ОглавлениеНазадВпередНастройки
Добавить цитату

3

«Повесть о великом и преславном Стоянии на реке Угре.

Тетрадь четвертая.

* * *

Три версты от обители до воинского становища по заснеженной дороге через лес жеребец прорысил, как мог, бодро. Мирун отставал, жалея свою лядащую кобылу. Когда же поравнялся с остановившимся князем, выругался точно так же, как тот, помянув татарского бога и султанскую матерь. Засыпанная снежной крупой протяжная луговина вдоль Угры, с разбросанными там и сям малыми рощицами, являла печальное зрелище. Тонкий слой снега не мог сполна прикрыть всюду избитую и изрытую землю.

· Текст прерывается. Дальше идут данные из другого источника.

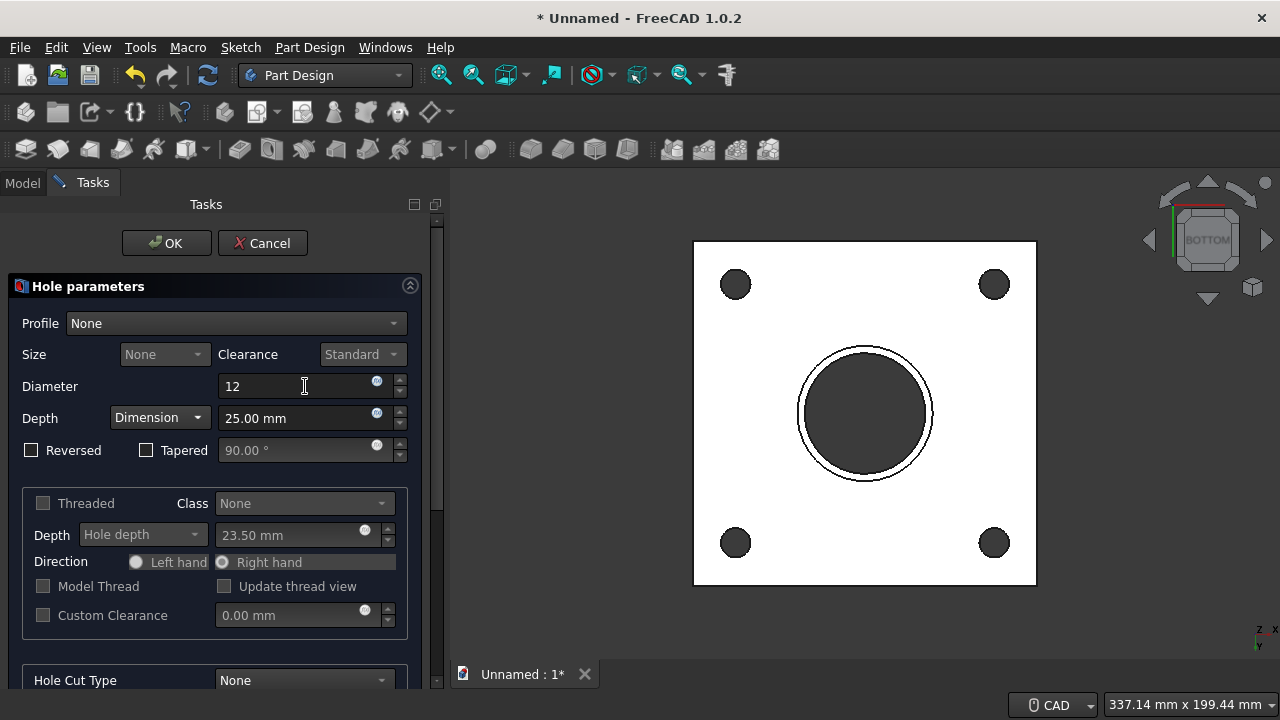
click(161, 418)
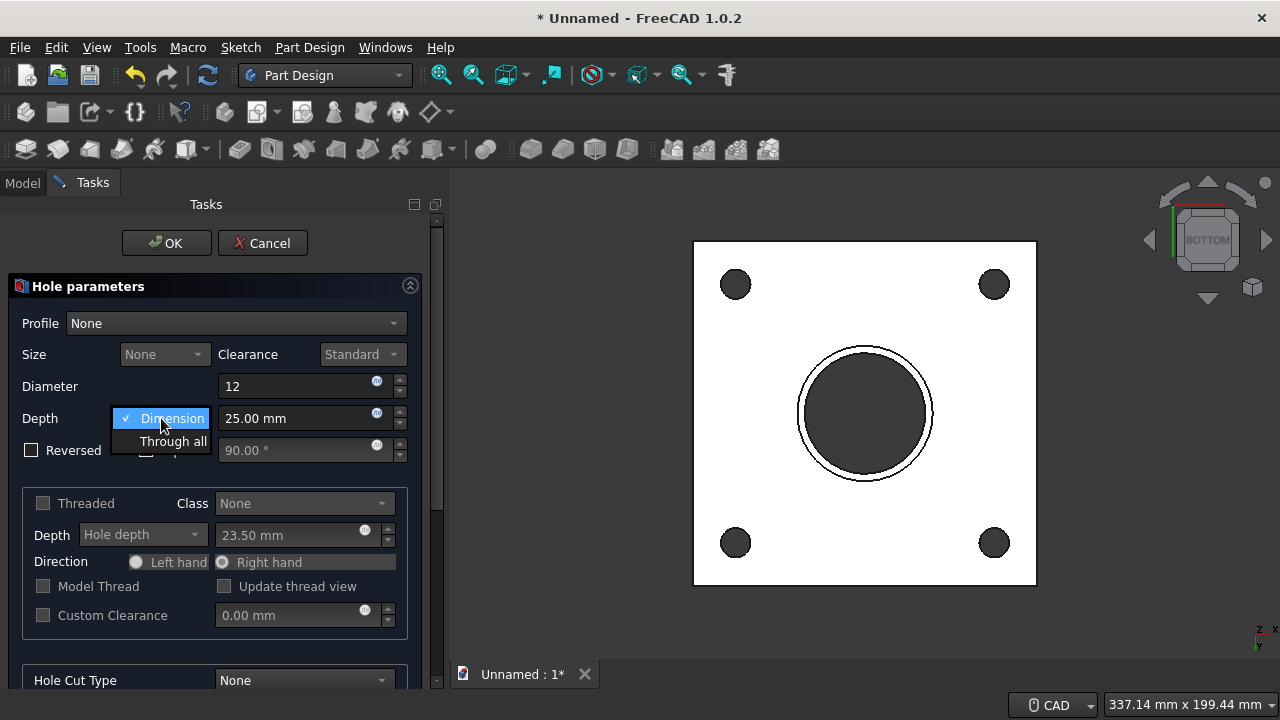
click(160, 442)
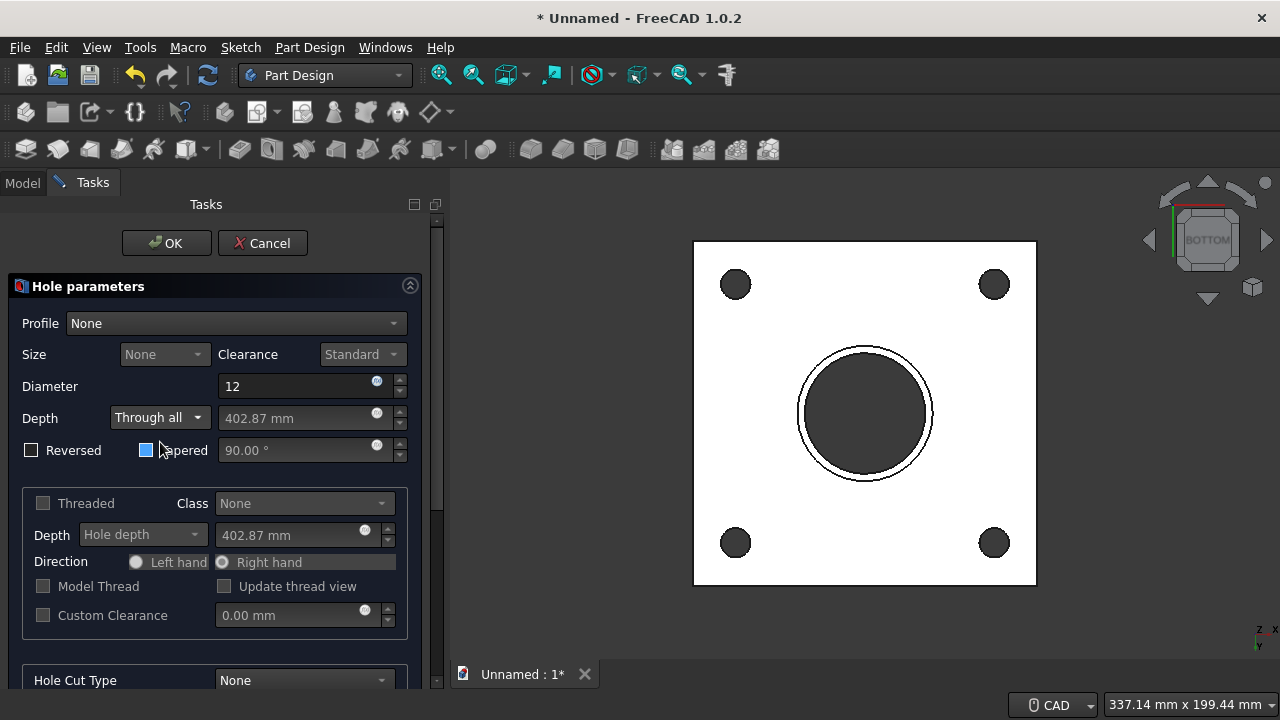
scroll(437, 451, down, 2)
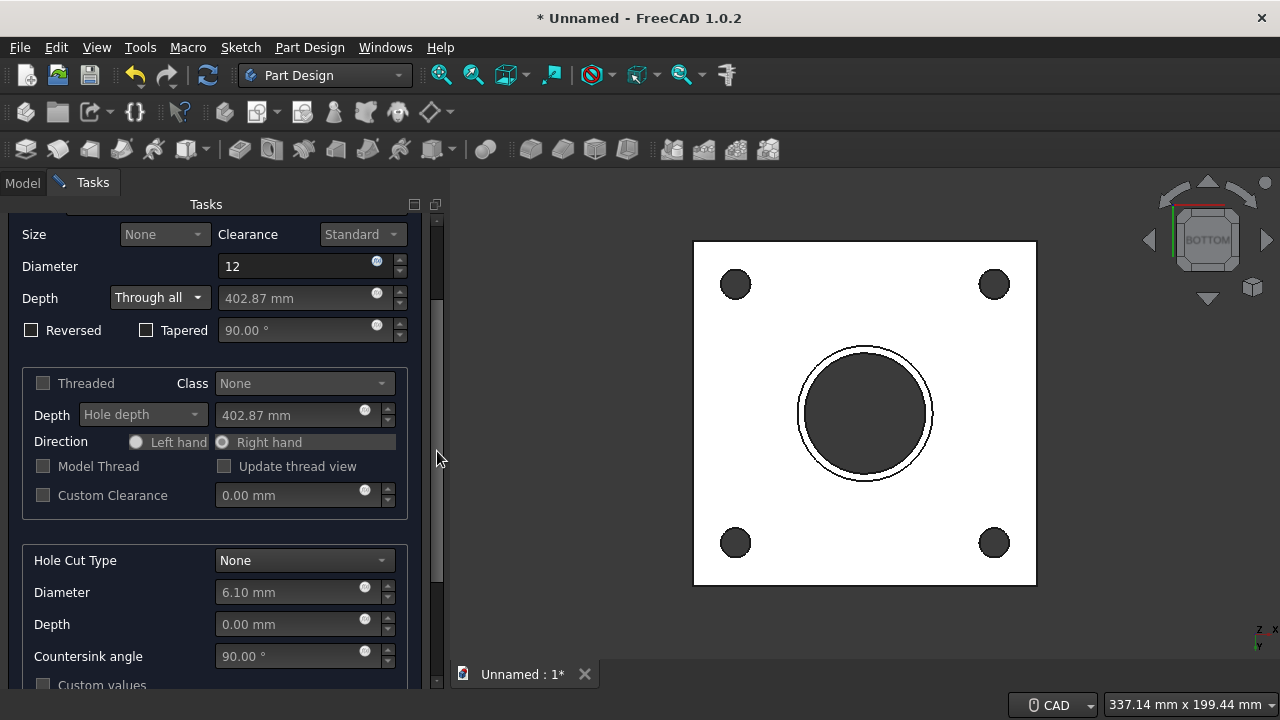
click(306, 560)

Замерзшие кострища, полуобваленные навесы из жердей и еловых лап. Одиноко торчащие сосны – пеньки вокруг них – со сторожевыми гнездами. Приземистая избушка с шатровой кровлей – часовня? Крест с нее снят, чтоб не надругались басурмане. В спешке забытый или брошенный закопченный котел. Ароматные даже на холоде кучи конского навоза. Стая крикливых галок – их унылые голоса кличут зиму, холодят душу.

– Москва струсила! – дал волю гневу атаман. – Князь Иван испугался татарвы!

– Или его убедили испугаться московские бояре, – заметил Мирун. Начальное ошеломление с него сошло, как вода с отряхнувшегося пса. Никакое чувство, пускай самое сильное, не владело Мируном долго.

Но в атамане ярость заваривалась крепко. Быстро выплескивалась вершками, а корешками еще долго жалила, жгла и иссушала нутро.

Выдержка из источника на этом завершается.